** Dataset content follows **
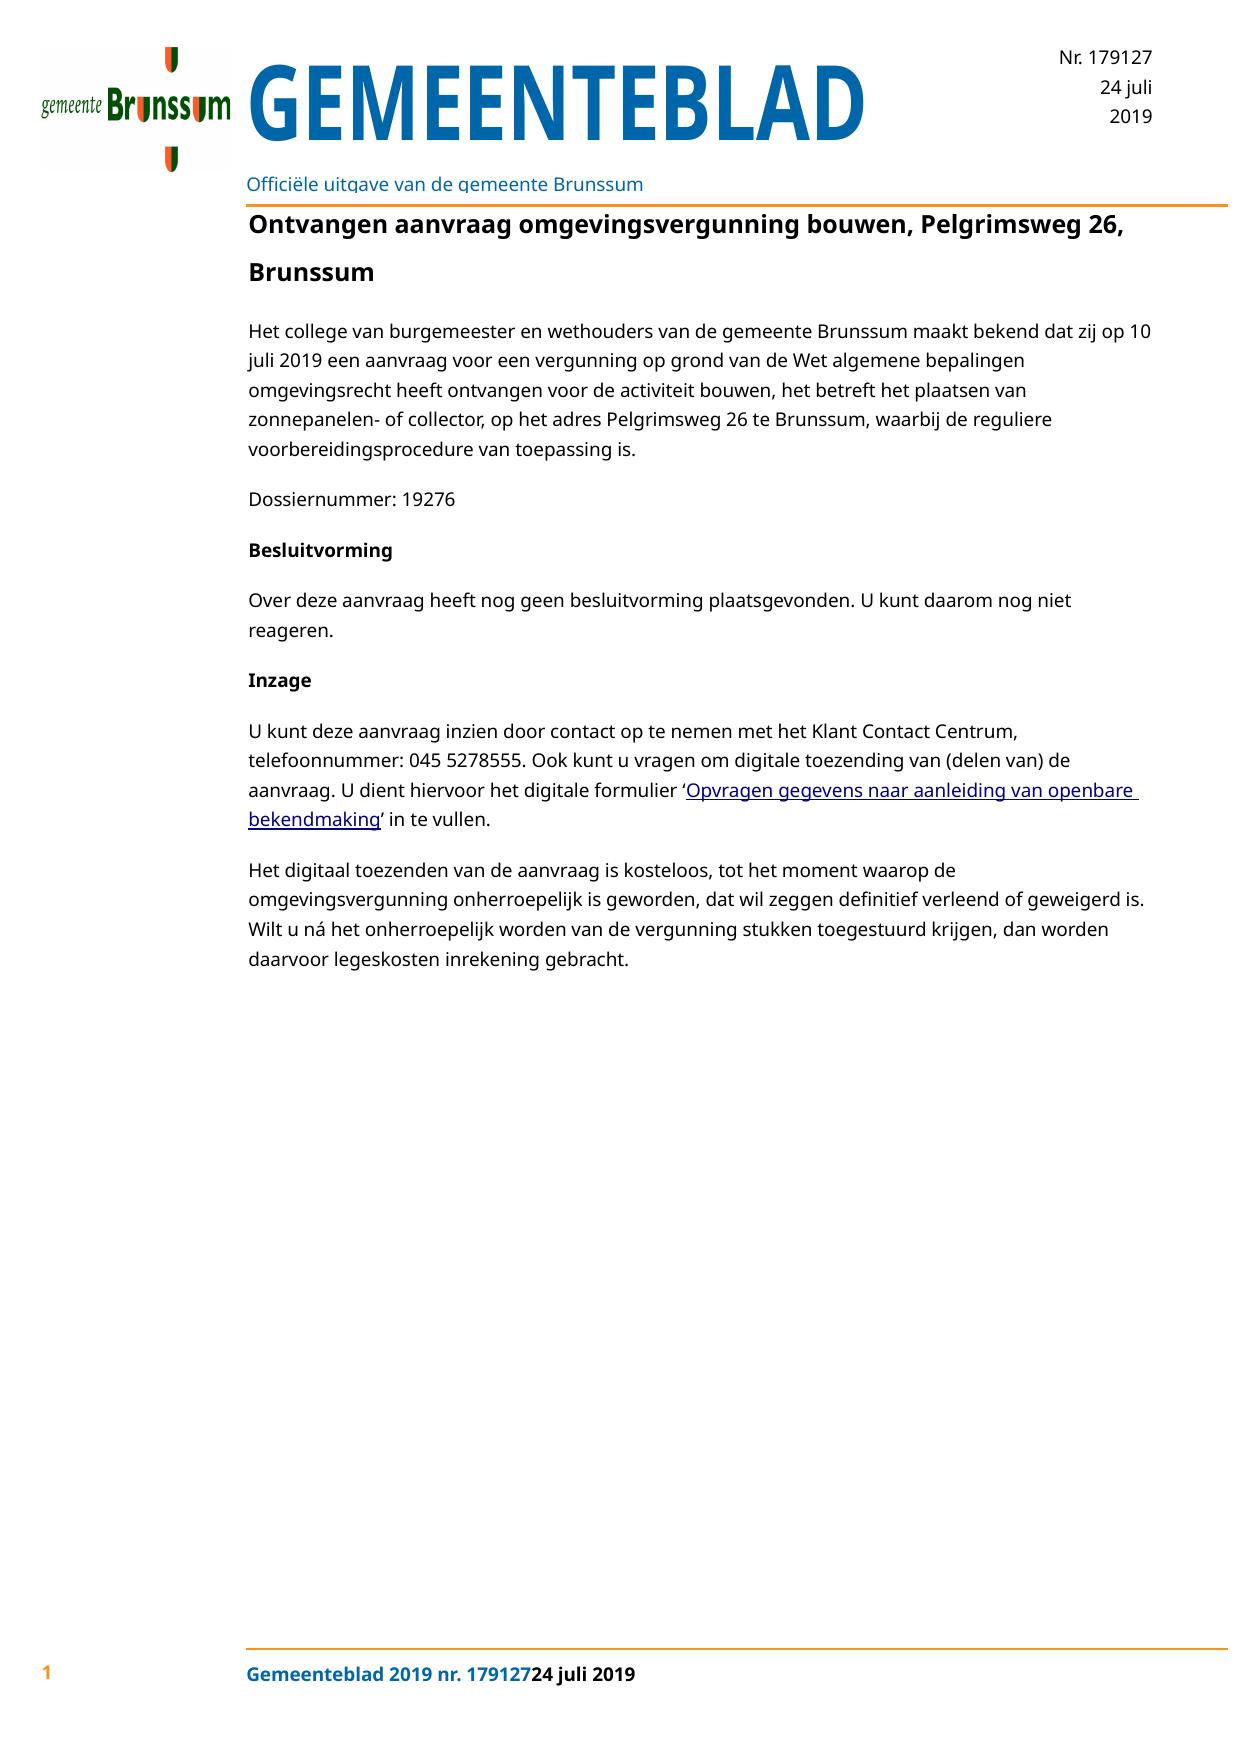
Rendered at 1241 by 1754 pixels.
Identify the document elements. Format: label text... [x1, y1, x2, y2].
** End of Dataset content **
** Dataset content follows **
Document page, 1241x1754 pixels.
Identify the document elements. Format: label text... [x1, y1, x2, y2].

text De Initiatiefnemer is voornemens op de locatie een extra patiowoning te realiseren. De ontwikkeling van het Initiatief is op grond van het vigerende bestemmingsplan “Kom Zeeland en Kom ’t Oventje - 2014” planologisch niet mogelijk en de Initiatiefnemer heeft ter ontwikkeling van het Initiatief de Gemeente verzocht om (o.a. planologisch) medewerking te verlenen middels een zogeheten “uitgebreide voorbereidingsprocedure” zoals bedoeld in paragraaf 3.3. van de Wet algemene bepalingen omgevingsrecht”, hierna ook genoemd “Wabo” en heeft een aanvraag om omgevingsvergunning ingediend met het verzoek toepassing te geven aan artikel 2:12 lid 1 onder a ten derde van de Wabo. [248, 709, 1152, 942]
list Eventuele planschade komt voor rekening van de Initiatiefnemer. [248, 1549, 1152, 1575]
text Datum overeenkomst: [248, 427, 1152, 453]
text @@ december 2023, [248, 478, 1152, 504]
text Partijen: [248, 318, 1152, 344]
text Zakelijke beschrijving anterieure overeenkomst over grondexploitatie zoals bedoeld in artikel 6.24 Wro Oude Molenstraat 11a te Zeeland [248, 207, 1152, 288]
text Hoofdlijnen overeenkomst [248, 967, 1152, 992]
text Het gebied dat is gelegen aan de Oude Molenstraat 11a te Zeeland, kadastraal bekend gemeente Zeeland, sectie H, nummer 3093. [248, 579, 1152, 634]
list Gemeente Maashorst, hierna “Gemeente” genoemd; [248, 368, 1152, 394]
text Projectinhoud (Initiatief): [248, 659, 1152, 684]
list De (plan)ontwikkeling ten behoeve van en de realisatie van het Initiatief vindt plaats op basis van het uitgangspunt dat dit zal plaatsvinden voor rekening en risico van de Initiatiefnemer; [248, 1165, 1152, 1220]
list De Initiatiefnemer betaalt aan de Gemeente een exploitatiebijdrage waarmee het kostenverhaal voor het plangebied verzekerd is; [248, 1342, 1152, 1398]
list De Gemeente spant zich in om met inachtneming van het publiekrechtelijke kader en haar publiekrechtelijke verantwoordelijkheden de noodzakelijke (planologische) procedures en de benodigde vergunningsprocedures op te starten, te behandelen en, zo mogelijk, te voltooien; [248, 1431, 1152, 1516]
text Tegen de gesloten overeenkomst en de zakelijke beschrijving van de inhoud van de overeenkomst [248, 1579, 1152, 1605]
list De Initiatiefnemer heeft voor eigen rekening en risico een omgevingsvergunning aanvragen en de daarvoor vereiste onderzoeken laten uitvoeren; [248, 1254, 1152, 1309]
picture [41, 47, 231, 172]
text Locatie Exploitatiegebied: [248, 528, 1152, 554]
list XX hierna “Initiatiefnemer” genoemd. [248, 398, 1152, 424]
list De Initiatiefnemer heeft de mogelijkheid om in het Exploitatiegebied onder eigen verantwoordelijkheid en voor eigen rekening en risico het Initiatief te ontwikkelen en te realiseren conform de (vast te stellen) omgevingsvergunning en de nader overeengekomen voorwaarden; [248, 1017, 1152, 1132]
** End of Dataset content **
- _Exercise goal_: Only lines with the word "pixels" should be collected from the material.

- _Your response_:
Rendered at 1241 by 1754 pixels.
Document page, 1241x1754 pixels.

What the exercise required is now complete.